**WHAT YOU WILL DO**. Please give the records below again in full, exactly, with the images left out.

── DATA SUPPLIED

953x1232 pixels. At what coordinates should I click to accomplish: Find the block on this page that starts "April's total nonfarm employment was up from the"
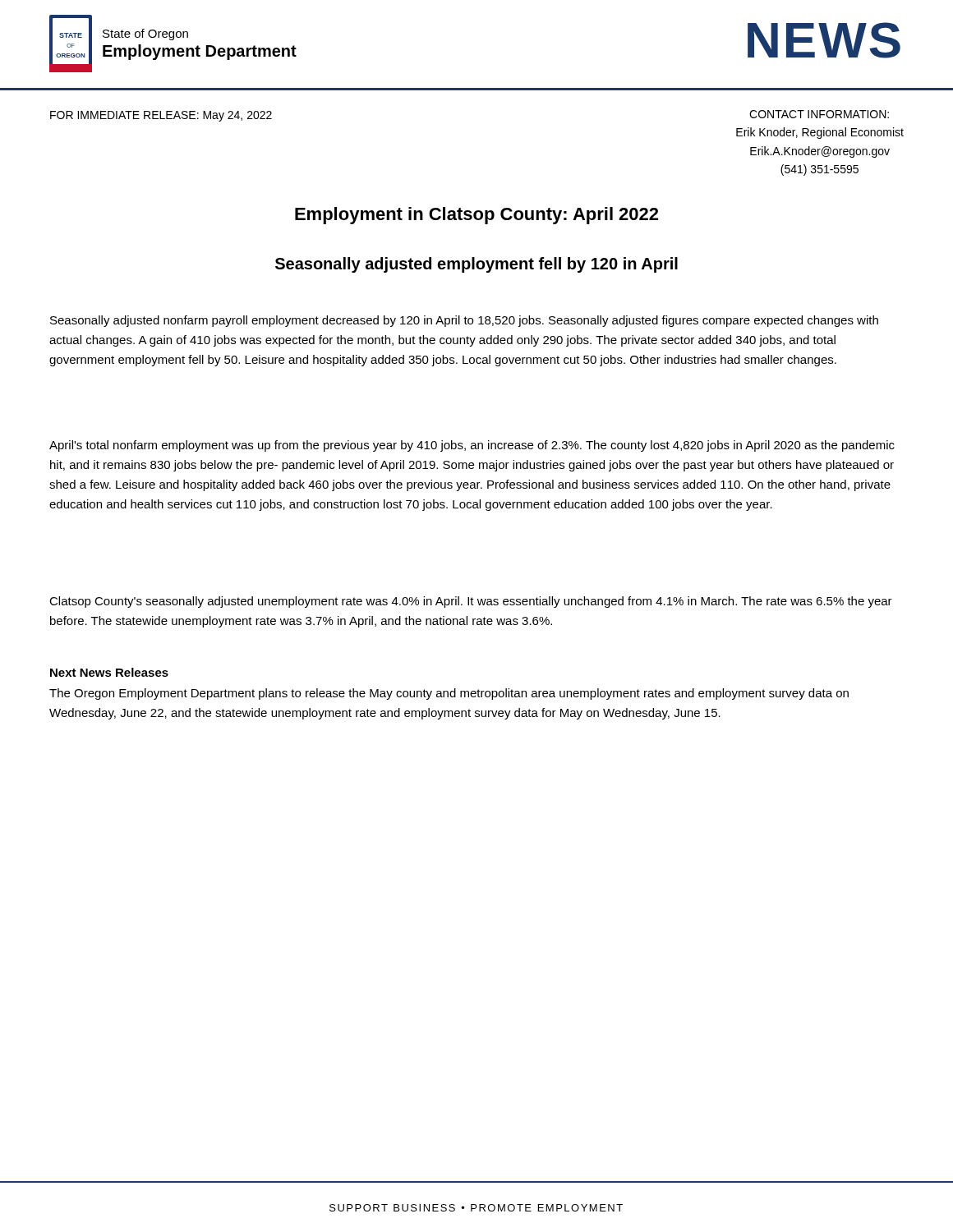pyautogui.click(x=472, y=474)

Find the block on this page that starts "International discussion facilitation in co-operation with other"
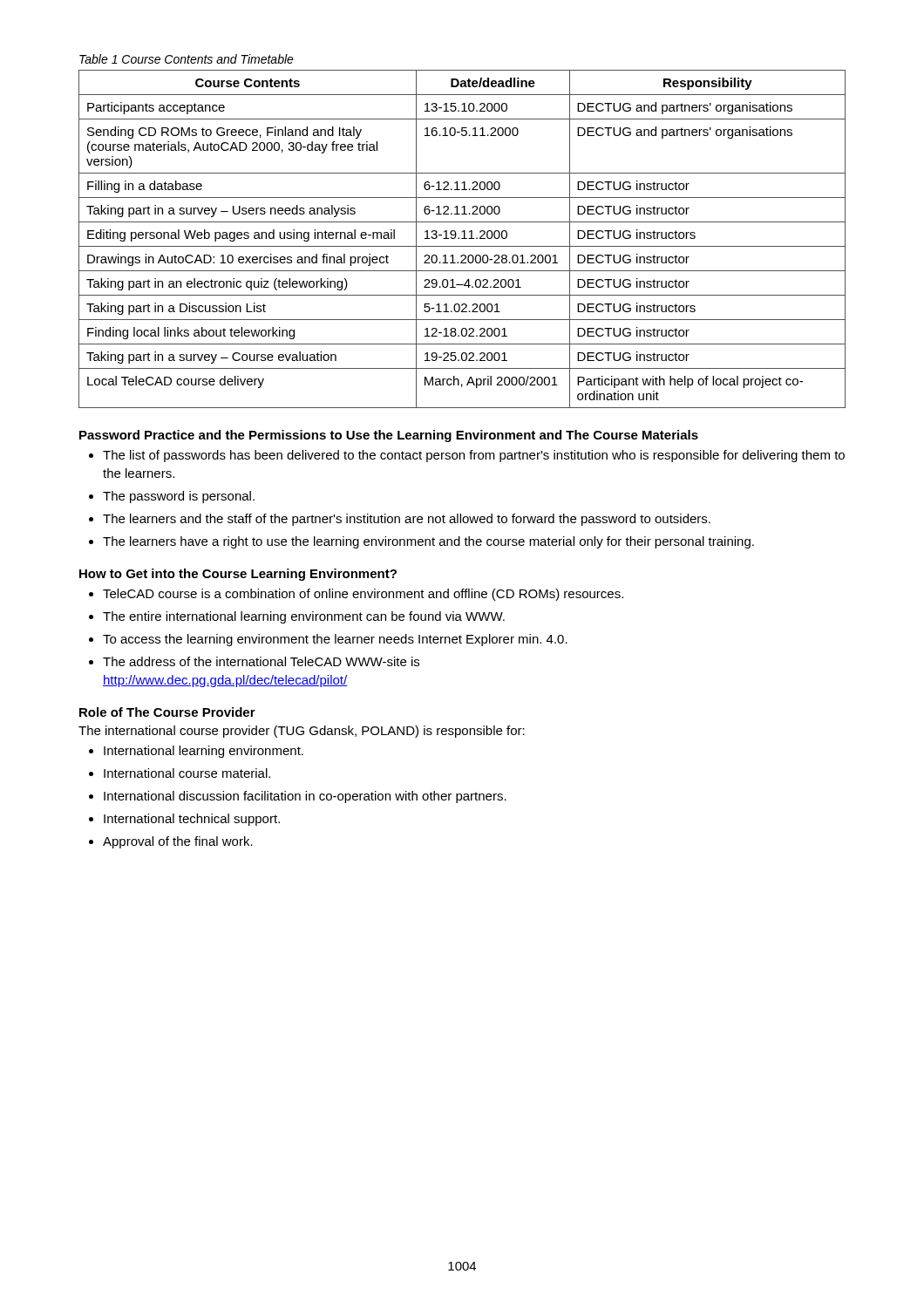[305, 796]
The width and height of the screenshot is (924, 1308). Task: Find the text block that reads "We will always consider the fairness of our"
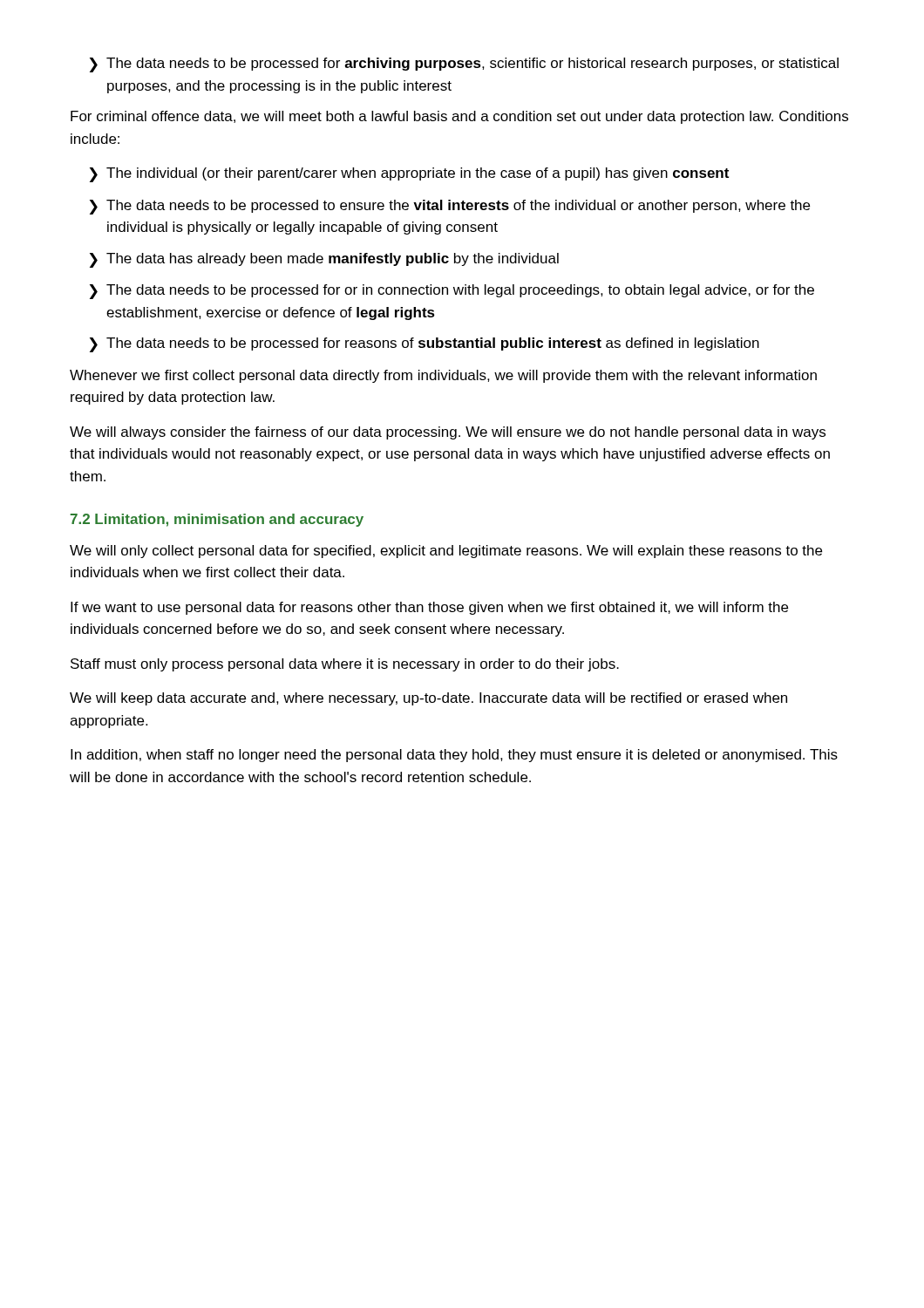[450, 454]
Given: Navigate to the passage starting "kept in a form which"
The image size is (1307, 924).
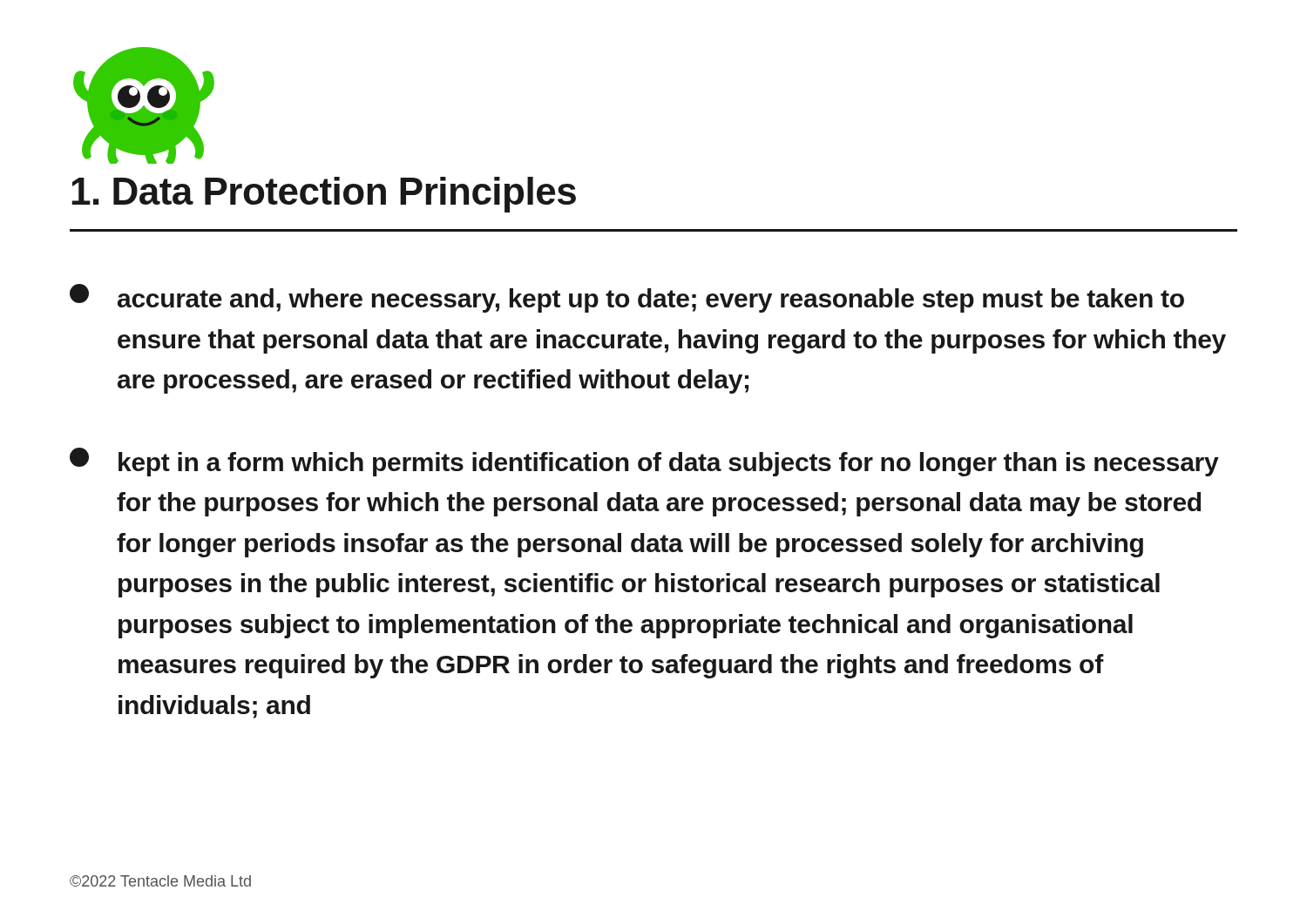Looking at the screenshot, I should coord(654,584).
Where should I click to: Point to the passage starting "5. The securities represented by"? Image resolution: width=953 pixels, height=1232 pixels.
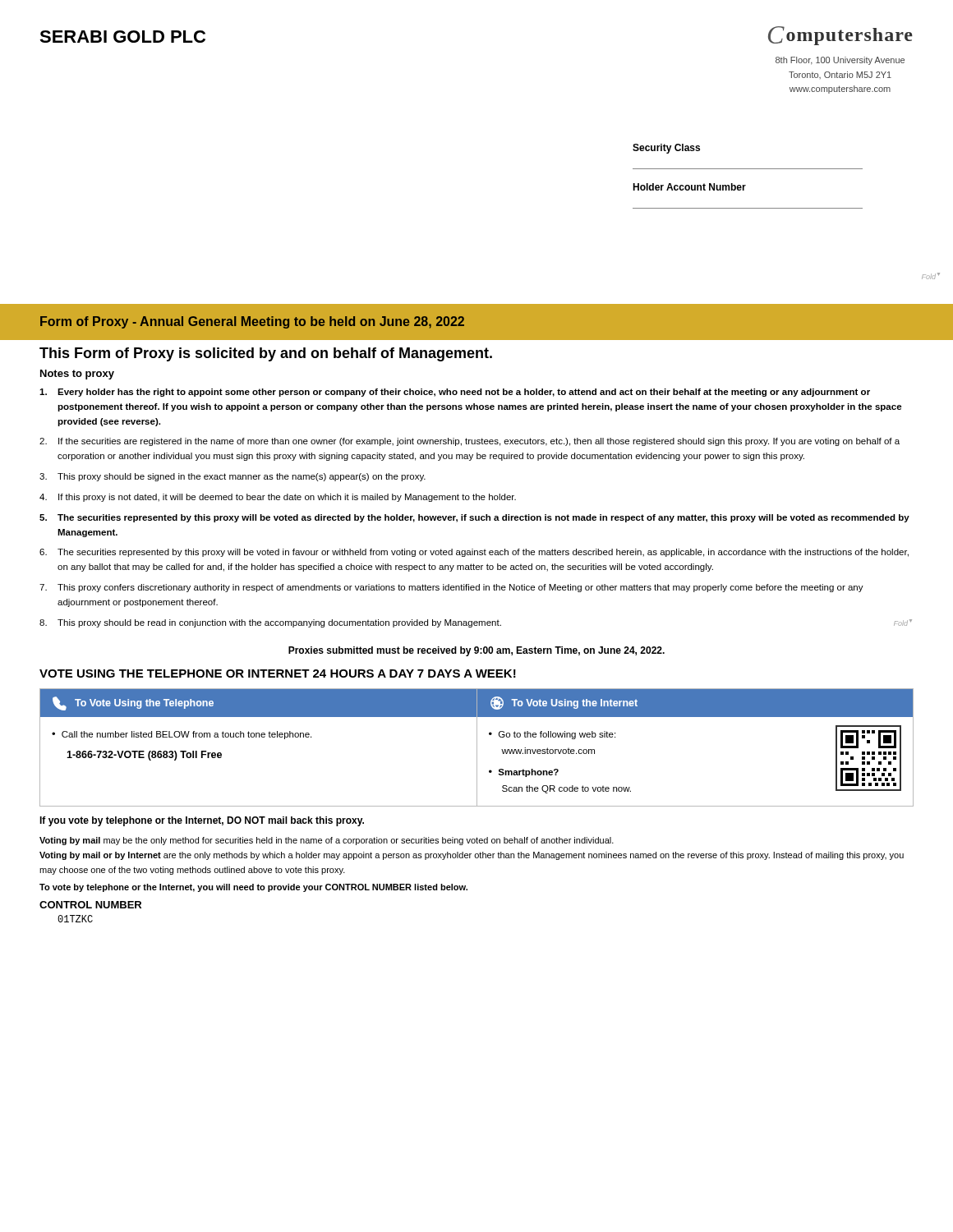pos(476,525)
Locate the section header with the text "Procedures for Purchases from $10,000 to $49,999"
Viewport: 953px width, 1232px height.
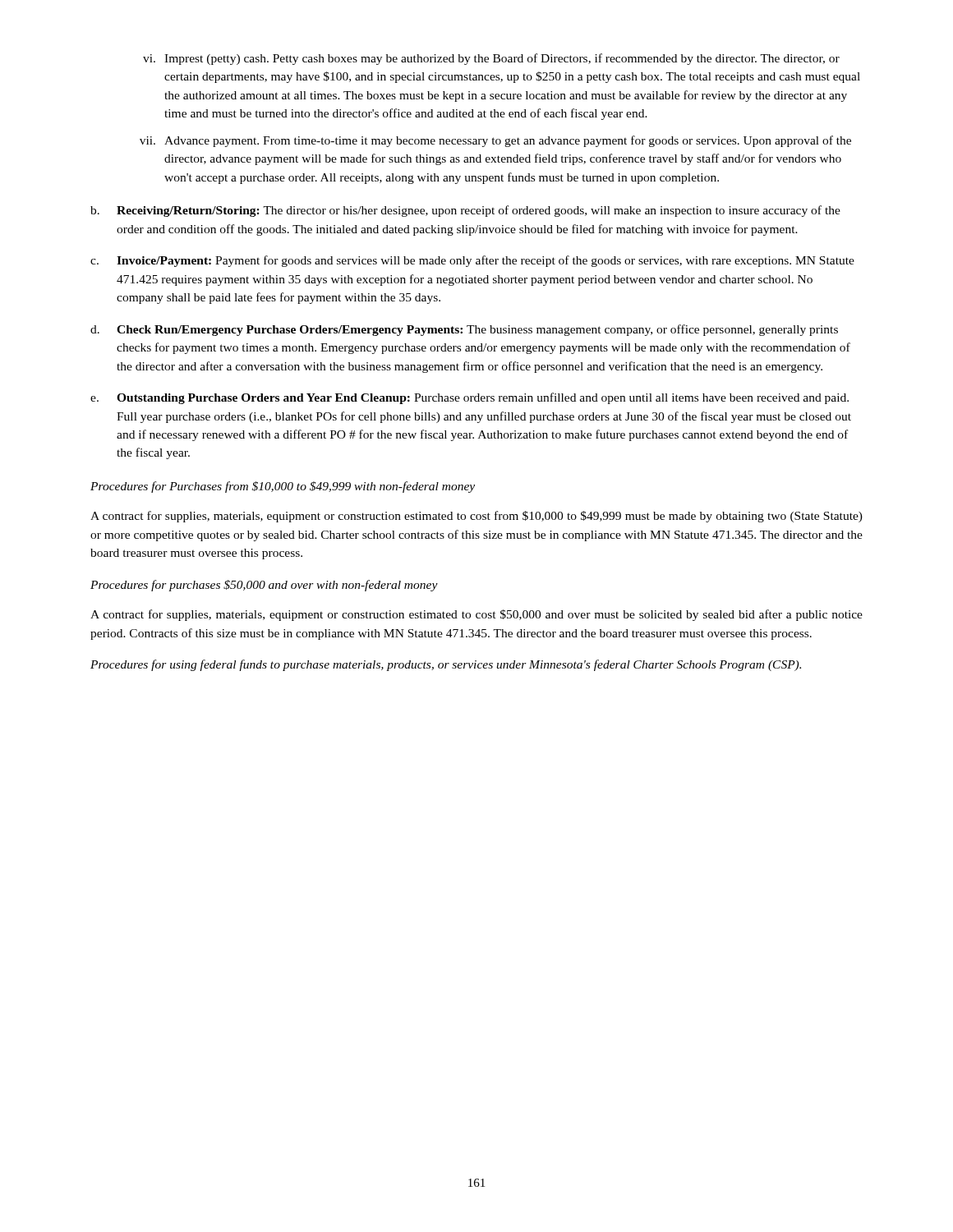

────

**WRITTEN REPLY**.
953x1232 pixels. At what coordinates should I click to accomplish: Find the block on this page that starts "April's total nonfarm employment was up from the"
pyautogui.click(x=472, y=474)

Find the block on this page that starts "International discussion facilitation in co-operation with other"
[305, 796]
The width and height of the screenshot is (924, 1308). Task: Find the text block that reads "We will always consider the fairness of our"
[450, 454]
Given: Navigate to the passage starting "kept in a form which"
The image size is (1307, 924).
Looking at the screenshot, I should coord(654,584).
Where should I click to: Point to the passage starting "5. The securities represented by"? Image resolution: width=953 pixels, height=1232 pixels.
pos(476,525)
Locate the section header with the text "Procedures for Purchases from $10,000 to $49,999"
Viewport: 953px width, 1232px height.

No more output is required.